Resumen de Advanced modelling of metallic nanomaterials for catalysis
Nanoparticles are highly relevant for catalysis due to their nanostructure, which increases the fraction of surface atoms, and the size dependent morphology and properties. Catalytic properties of nanoalloys also depend on the composition and chemical ordering. Therefore, it is important to understand how geometrical and topological features of mono- and bimetallic nanoparticles affect their stability and reactivity of the exposed surface sites.
This Thesis deals with computational study of monometallic and bimetallic nanoparticles using methods based on Density Functional Theory (DFT). First, the exchange-correlation functional PBE was identified to reproduce experimental bulk and surface properties of Transition Metals overall more accurately than other examined functionals VWN, PBEsol, RPBE and TPSS. The performance was further improved by choosing exchange and correlation parameters between those of PBE and PBEsol functionals or restoring the linear spin approximation of PBEsol. The d-band center was found the most robust and transferrable among the studied electronic descriptors for different functionals.

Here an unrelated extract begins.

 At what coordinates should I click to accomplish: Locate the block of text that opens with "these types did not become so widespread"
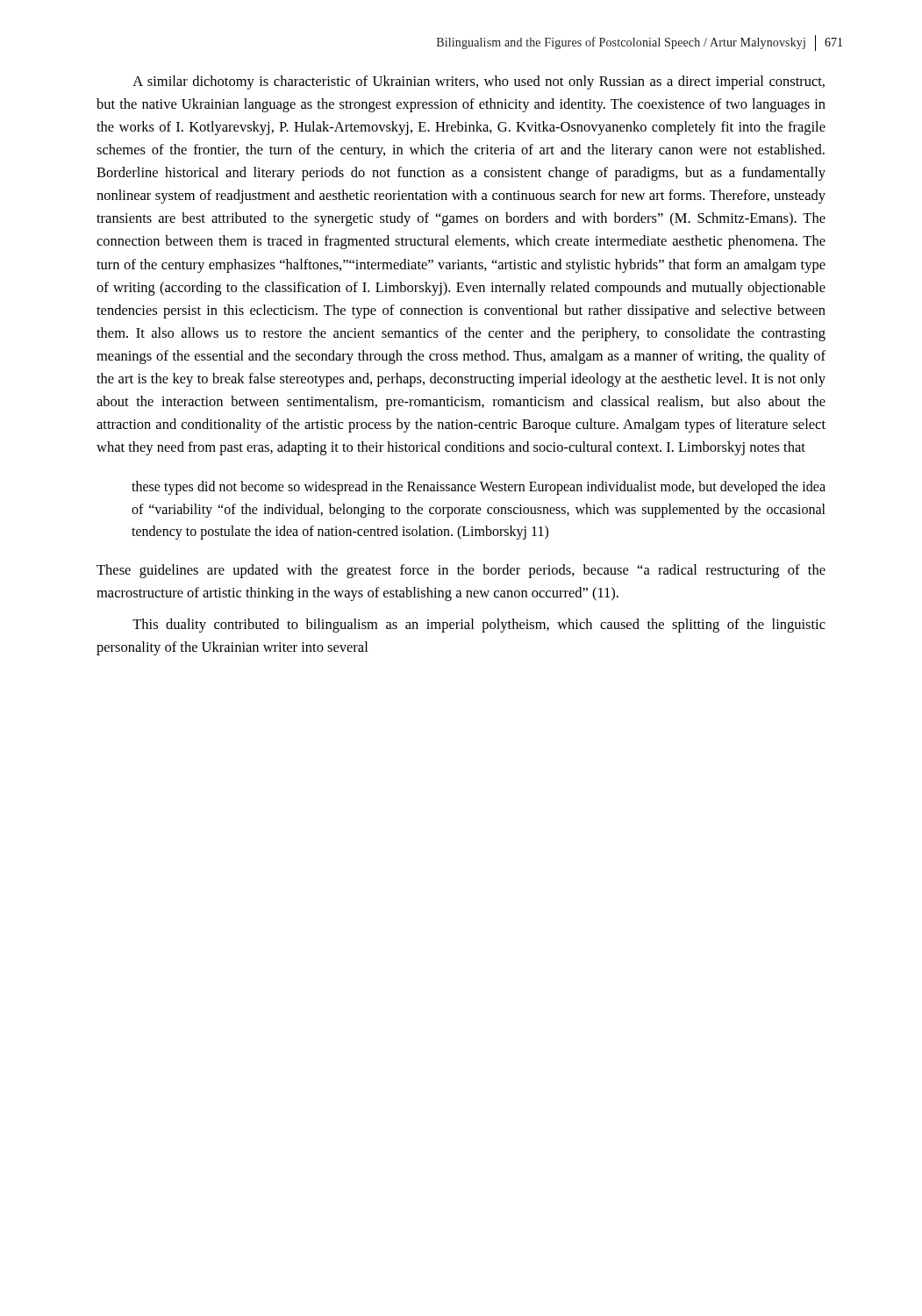click(x=479, y=509)

For different monometallic Pd nanoparticles it was shown that their energies can be quantitatively described using linear dependence on the quantity of atoms with different coordination numbers. Whereas employing such morphological features as number of corner sites, length of the edges, particle area and volume allowed only a qualitative energy prediction.

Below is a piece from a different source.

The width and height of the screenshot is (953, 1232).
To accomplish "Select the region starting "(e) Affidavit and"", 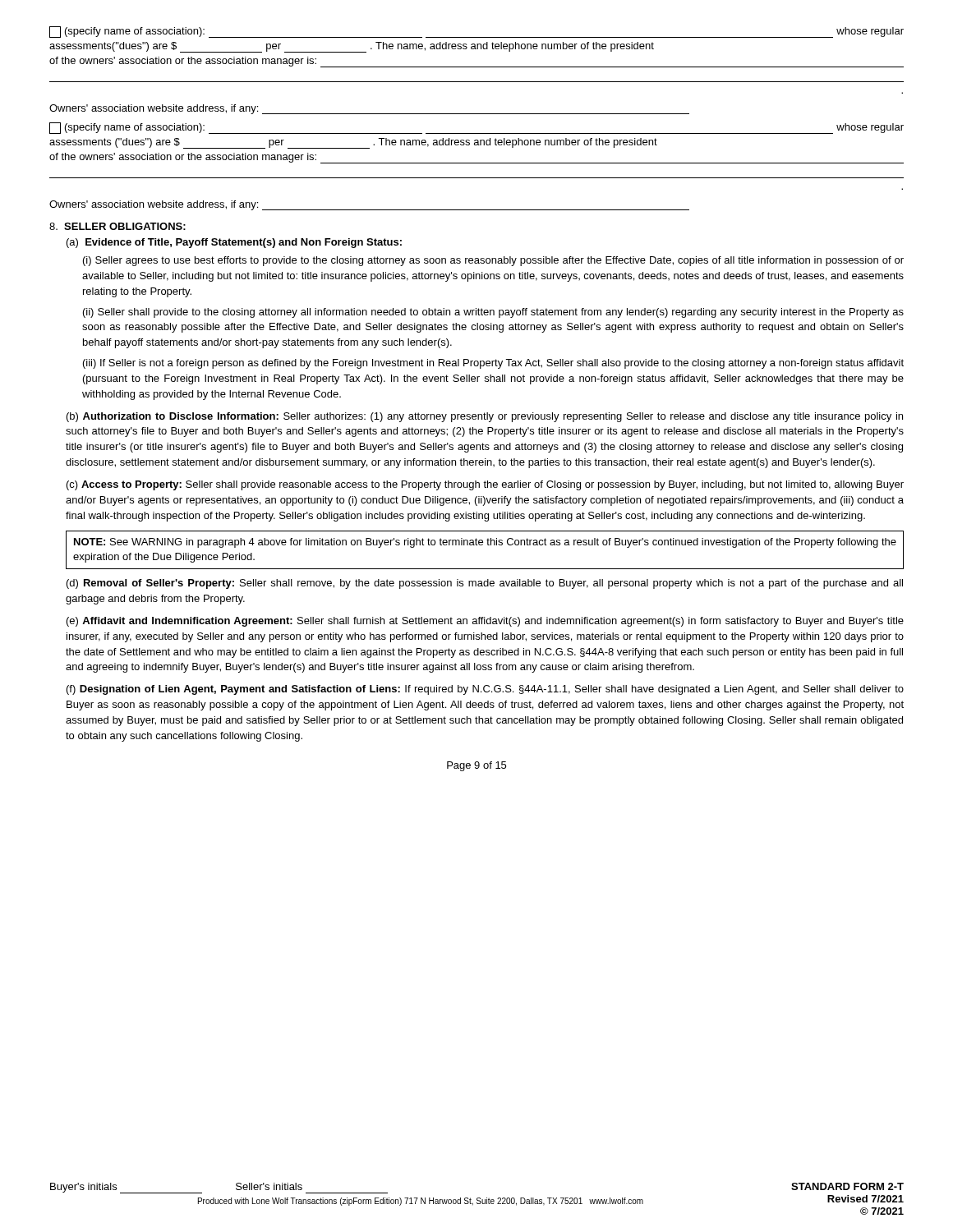I will [485, 644].

Equilibrium chemical ordering for bare PdRh, PtNi, PtAu, PtAg, and PtCu bimetallic nanoparticles at low temperature was determined employing the so-called Topological Method parameterized on DFT data. Effects of temperature and reactive environment on the chemical ordering were also evaluated. A remarkable experimental finding of our collaborators is that CO molecules can bind stronger on some core@shell Cu@Pt particles than on pure Pt particles. It was rationalised by DFT calculations of specific surface sites, such as single Pt atom surrounded by surface Cu atoms, under-coordinated Pt atom, Pt adatom and vacancies with missing Pt atoms.